Tutto questo e’ solo ignoranza, arroganza e fifaggine.
Giovedì scorso, 20 settembre 2018, ho avuto modo di percorrere con un cliente la via Dibona al Croz.
Trovando bagnatissimo l’attacco usuale che sale direttamente alla cengia superiore (scola talmente tanto che nel canale d’accesso si è formato un ruscelletto), abbiamo dovuto individuare un punto che ci permettesse di salire alla stessa evitando di fare i salmoni. A quel punto scesi al cengione cinquanta metri più in basso, dove attacca la via Samuele Scalet, dal suo chiodo di partenza siamo saliti sulla cengia poco sopra e obliquando verso destra, superando ancora qualche muretto di placche, risaliti alla cengia Dibona con difficoltà stimabili di 4° e 4°+,Rileggendo la relazione della guida CAI-TCI ho potuto constatare che in una noticina alla fine si evindenzia come Dibona avesse attaccato appunto più in basso del percorso usuale (quello ricercato da Gogna e Bragantini) raggiungendo la cengia nel mezzo, quindi probabilmente abbiamo percorso una delle pochissime salite integrali della via.Consiglio vivamente a chi volesse ripeterla di seguire questo percorso iniziale che risulta molto più diretto e sicuro dell’attaccare la cengia alta friabile e bagnata.
E questa la nota positiva.
Ciò che purtroppo ho dovuto invece constatare negativamente, è che qualcuno ha spittato le soste del primo tratto (quello fino alla fine del masso squarciato per intendersi) ed ha addirittura messo un fix all’uscita del tetto, dove una stupenda fessura di roccia ottima permette di inserire qualsivoglia nut o friend ed esiste anche un chiodo facilmente sostituibile. Personalmente non ho avuto bisogno di usare nemmeno quello vista difficoltà contenuta e compattezza della roccia.
Se dopo oltre cent’anni dalla prima salita avvenuta come si sa con l’uso forse di un paio di chiodi ci si deve servire di fix per ripeterla, questo evidenzia non solo l’incapacità di chi ha commesso questo gesto che reputo irrispettoso e maleducato ma evidenzia anche che l’alpinismo, così come si dovrebbe intendere, è finito e rimane appannaggio di pochi.
Credo sia vergognoso un atteggiamento di questo tipo che deturpa un capolavoro unico e dimostra soltanto l’incapacità e l’arroganza di qualche idiota!

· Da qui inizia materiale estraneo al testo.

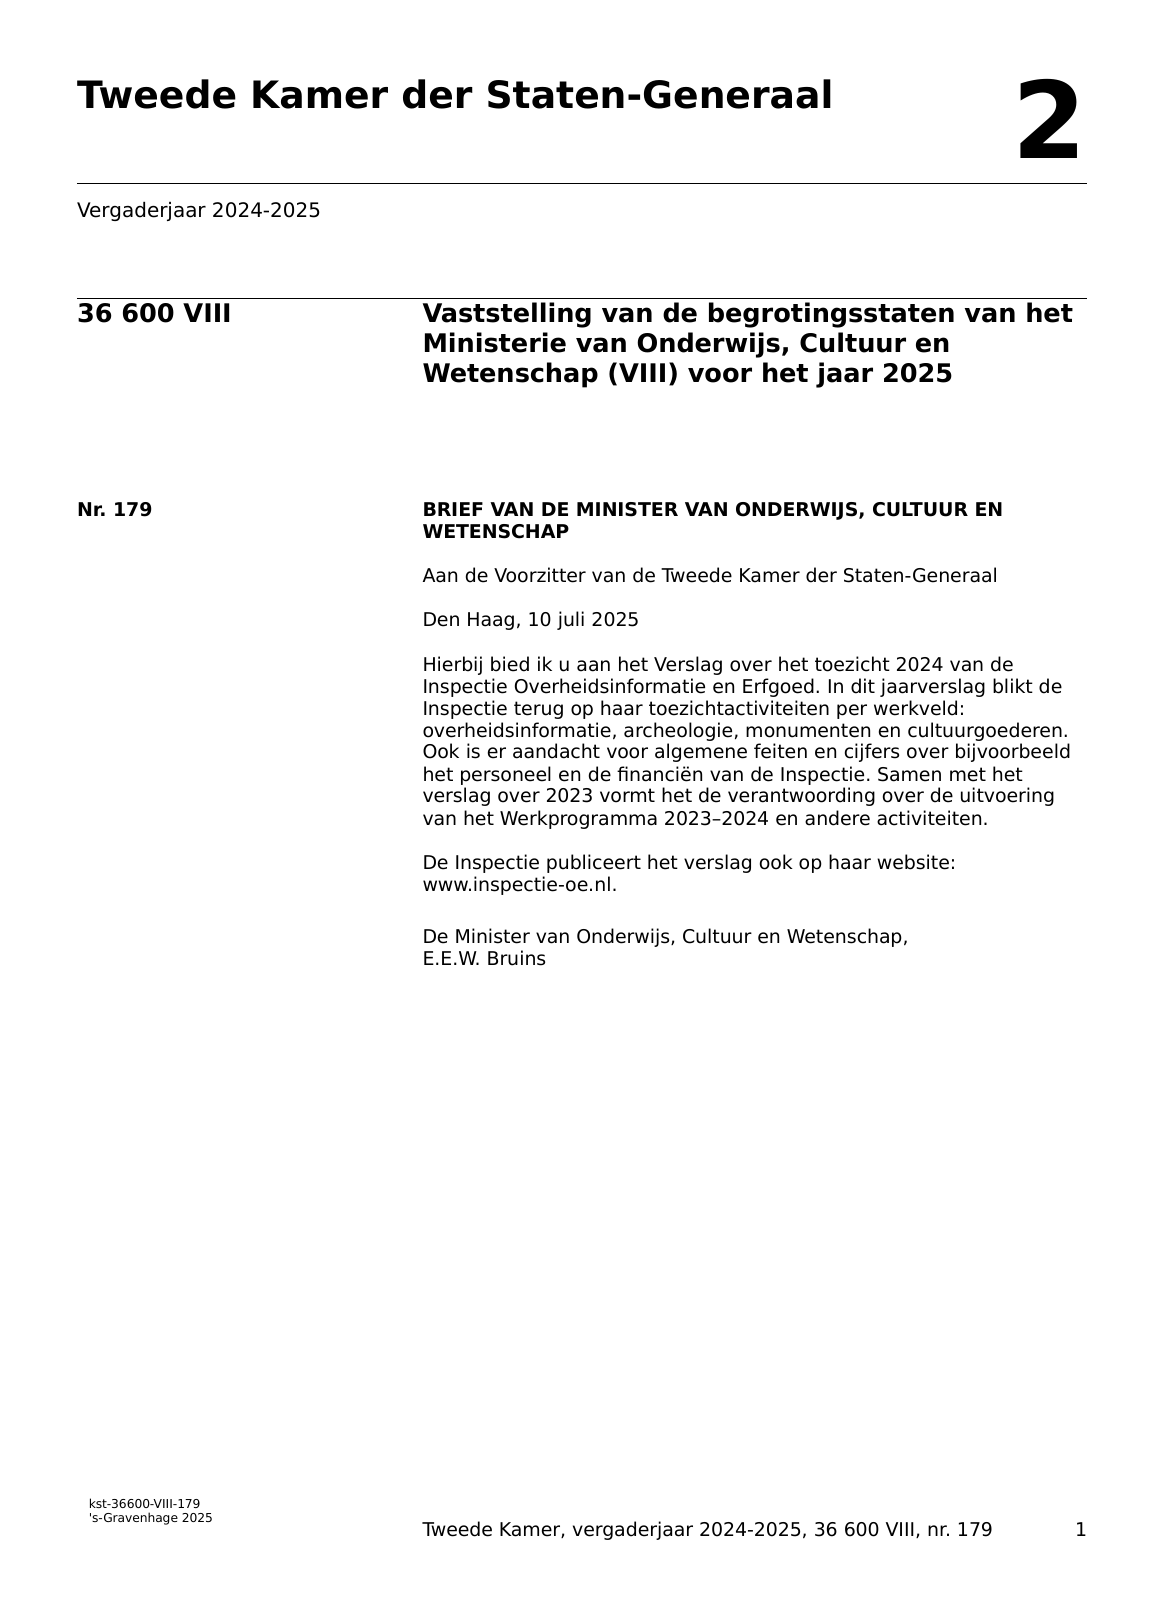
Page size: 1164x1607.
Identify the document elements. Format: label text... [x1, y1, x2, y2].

text kst-36600-VIII-179 [88, 1497, 323, 1511]
table_header Tweede Kamer der Staten-Generaal [77, 59, 886, 183]
text Den Haag, 10 juli 2025 [422, 609, 1087, 631]
text Hierbij bied ik u aan het Verslag over het toezicht 2024 van de Inspectie Overheidsinformatie en Erfgoed. In dit jaarverslag blikt de Inspectie terug op haar toezichtactiviteiten per werkveld: overheidsinformatie, archeologie, monumenten en cultuurgoederen. Ook is er aandacht voor algemene feiten en cijfers over bijvoorbeeld het personeel en de financiën van de Inspectie. Samen met het verslag over 2023 vormt het de verantwoording over de uitvoering van het Werkprogramma 2023–2024 en andere activiteiten. [422, 653, 1087, 829]
text De Inspectie publiceert het verslag ook op haar website: www.inspectie-oe.nl. [422, 852, 1087, 896]
text 's-Gravenhage 2025 [88, 1511, 323, 1525]
text Aan de Voorzitter van de Tweede Kamer der Staten-Generaal [422, 565, 1087, 587]
table_cell Vergaderjaar 2024-2025 [77, 184, 1087, 298]
subtitle 36 600 VIII Vaststelling van de begrotingsstaten van het Ministerie van Onderwijs, Cultuur en Wetenschap (VIII) voor het jaar 2025 [77, 299, 1087, 388]
text De Minister van Onderwijs, Cultuur en Wetenschap, E.E.W. Bruins [422, 926, 1087, 969]
table_header 2 [886, 59, 1087, 183]
subtitle Nr. 179 BRIEF VAN DE MINISTER VAN ONDERWIJS, CULTUUR EN WETENSCHAP [77, 499, 1087, 543]

La Monna Lisa non viene ridipinta ogni volta che i coiffeur lanciano una nuova acconciatura, la storia si scrive, volerla riscrivere è da impediti che facendosi scudo dietro la scusante della sicurezza dimostrano soltanto la propria incapacità e pochezza!!!

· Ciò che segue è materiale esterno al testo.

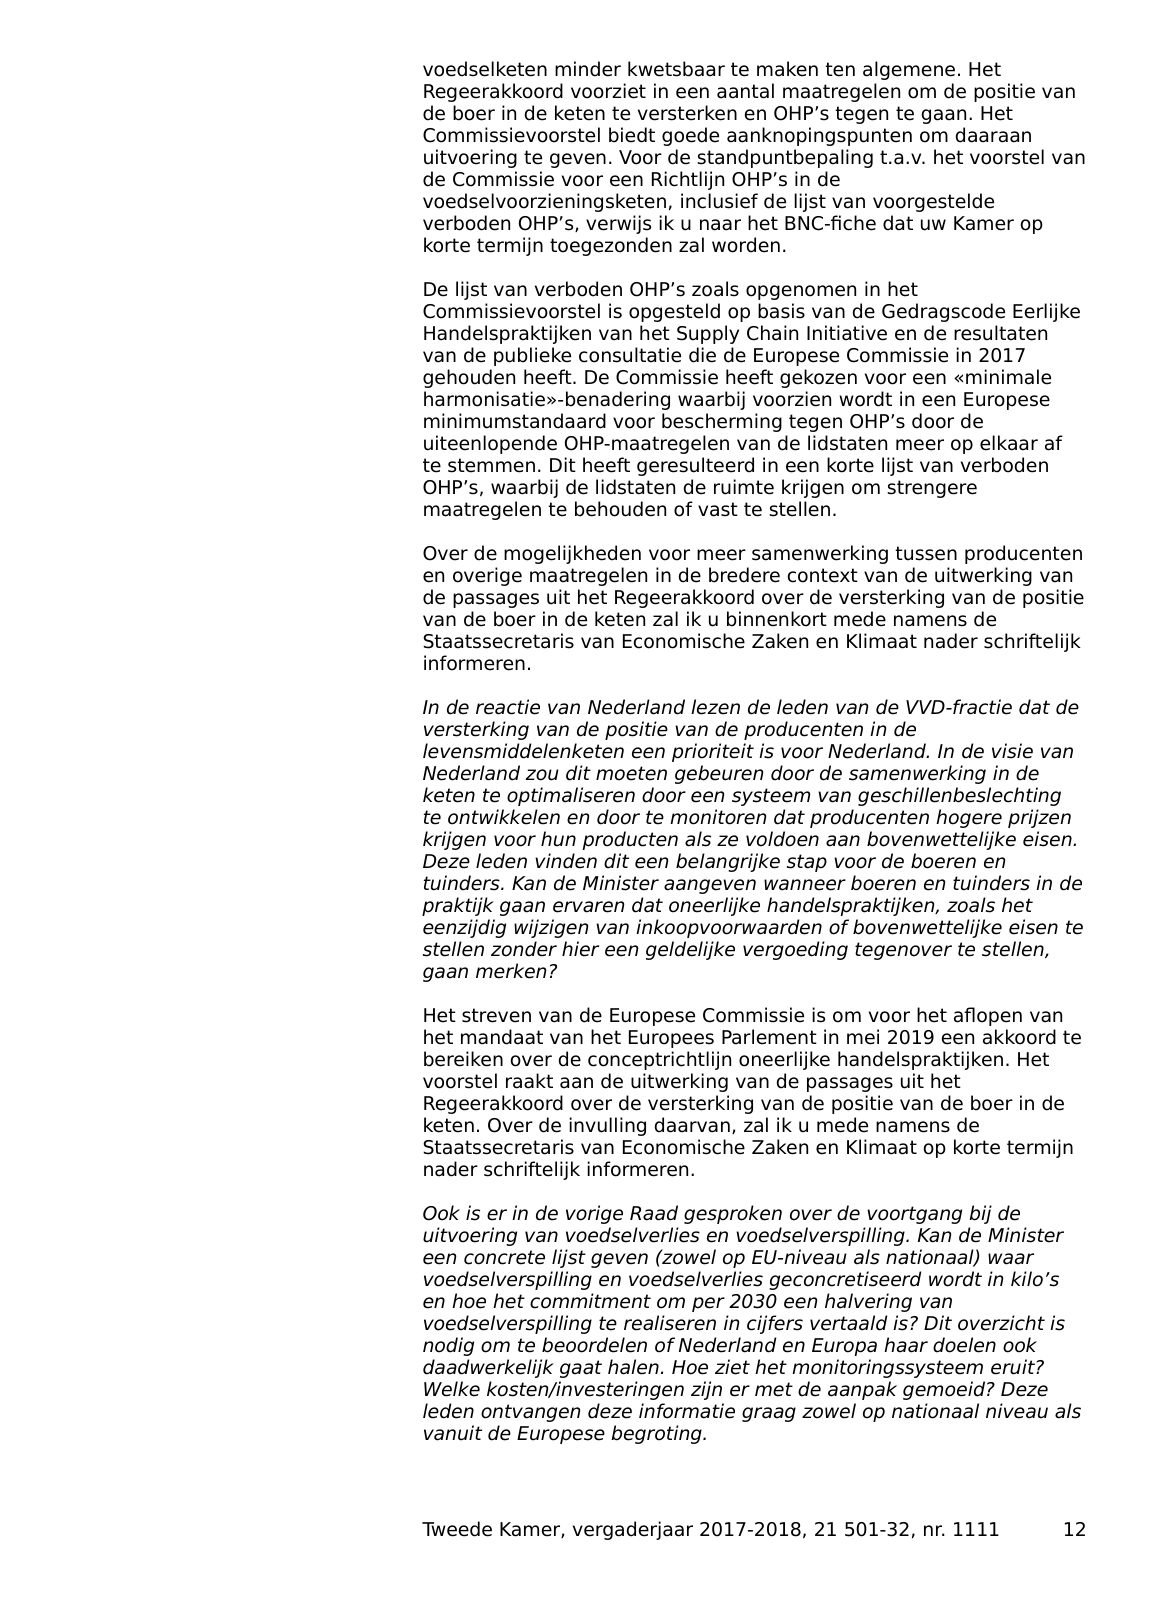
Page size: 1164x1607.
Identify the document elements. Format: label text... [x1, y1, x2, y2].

cari amici, ho letto con interesse questo racconto perchè al “caso del masso squarciato” ho dedicato un ampio e articolato servizio sulla Rivista della Montagna circa un quarto di secolo prima, intorno al 1987 o giù di lì. Era intitolato “Il giallo del Croz”, si sviluppava per una dozzina di pagine almeno perchè ospitava varie illustri testimonianze in chiave storica. La più articolata e battagliera era quella di Domenico Rudatis che mi aveva scritto da New York per rievocare la terza ripetizione da lui compiuta nel 1929 con Videsott capocordata, mentre la seconda era stata compiuta da Preuss nel 1911 non senza difficoltà; pubblicavo poi una testimonianza di Hans Steger che nel 1928 aveva evitato la gola andando su diritto per il pilastro a destra: la lettera del vecchio Steger, spentosi proprio allora, mi venne inviata dalla moglie Paula Wiesinger; c’era poi il parere di Bruno Detassis autore della variante diretta lungo la gola Dibona, una testimonianza di Cesare Maestri autore della solitaria in discesa, i ricordi di Heniz Steinkotter autore della prima invernale, un parere di Maurizio Giordani autore di una ripetizione in libera. Insomma, avevo cercato di chiarire con una vera inchiesta uno dei casi storici più clamorosi di anticipazione del Sesto grado. Quel servizio era firmato a quattro mani da me e da Alberto Papuzzi, giornalista della Stampa con il quale allora curavo la rubrica dei libri sulla RdM. Infatti avevo trascinato Papuzzi e anche un altro amico giornalista e alpinista, l’austriaco Dietmar Polaczek, per verificare insieme la prodezza di Dibona. Un anno o due dopo ero tornato a ripetere la via con il collega istruttore della Gervasutti di Torino Sandro Zuccon soprattutto per fare delle foto per l’articolo. Le foto in controluce sotto l’antro del masso squarciato non sono facili da fare.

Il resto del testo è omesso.